En un caso y en otro se construye sobre la convocatoria del campo ficcional, verdadero dogma de la institución cinematográfica. De ahí su condición de objet filmique mal identifié que le reconoce Guy Gauthier, uno de sus especialistas más renombrados (1).
La falta de territorio propio lleva al documental a inventarse nombres y a establecer distancias en relación con su objeto. Obsesionado tanto por las funciones que ha querido cumplir cuanto por la credibilidad que ha necesitado para sus proyectos, el cine documental ha querido asociarse a todo tipo de categorías. Algunas de estas afirmaciones de especificidad sólo remiten a su condición descriptiva tomando como partenaires las ciencias sociales, como el documental etnográfico, sociológico o político. Otras fórmulas, más dudosas, distribuyen la historia del documental según distintos patrones organizativos, como las cuatro modalidades que distingue Bill Nichols: documental expositivo (Grierson, Flaherty), documental de observación (Leacock, Pennebaker, Wisseman…), documental de interacción (Rouch, Émile d’Antonio) o documental reflexivo (de Dziga Vertov a Raul Ruiz) (2). Otras apelaciones que ponen el acento sobre la autenticidad han gozado de mayor aceptación, aunque no haya sido menor su imprudencia científica.

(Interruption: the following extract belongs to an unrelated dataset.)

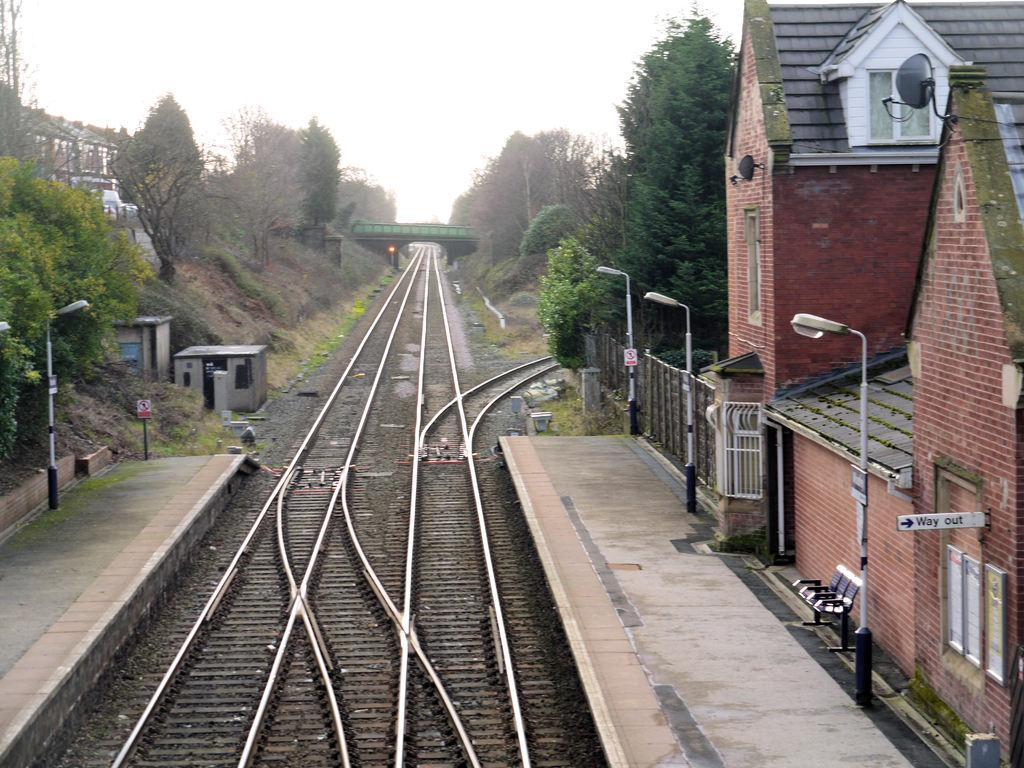What is located in the center of the image? There are railway tracks in the center of the image. What structure can be seen in the image? There is a bridge in the image. What can be found on the right side of the image? There are sheds and poles on the right side of the image. What is visible in the background of the image? There are trees and sky visible in the background of the image. What might someone use to sit and rest in the image? There is a bench in the image. What type of pest can be seen crawling on the railway tracks in the image? There are no pests visible on the railway tracks in the image. What color is the smoke coming from the bridge in the image? There is no smoke coming from the bridge in the image.

Me refiero a las categorías "cine de la experiencia", "cine directo", cinéma du réel o cinema verité que tanto furor arrastraran en los años sesenta con todas las ambivalencias de las expresiones vaporosas que buscaban distinguirse del próximo antes que restituir unos objetivos precisos, por lo demás, definidos mediante una extraña pero poderosa convergencia entre el cine como medio técnico y como estado de espíritu (3).
Finalmente, no cabe olvidar expresiones de uso corriente, como el "docudrama", acomodado a la tendencia de la televisión de diluir las fronteras de los géneros sin atentar contra el poder consensual de la ficción, o como el "documental de creación", objetivo de la crítica para rehuir los mecanismos "perezosos" del documento tradicional afirmando el carácter artístico del documental y su condición de ejercicio de escritura personal. Fórmulas que se entrecruzan en las diferentes constelaciones documentales para evidenciar la fragilidad de todo inventario.
Los argumentos definitorios no han corrido mejor suerte. En el documental lo real se nos aparece transparente, sin mediación alguna, imponiendo sin discusión su verdad referencial. Lo que el film documental nos muestra debe estar desprovisto de toda manipulación (generalmente atribuida al ilusionismo ficcional) o, de haberla, debe estar al servicio de una mayor autenticidad referencial.
Toda posibilidad de lenguaje queda desechada por la transitividad informativa y disuasiva de los acontecimientos tomados en préstamo de la realidad.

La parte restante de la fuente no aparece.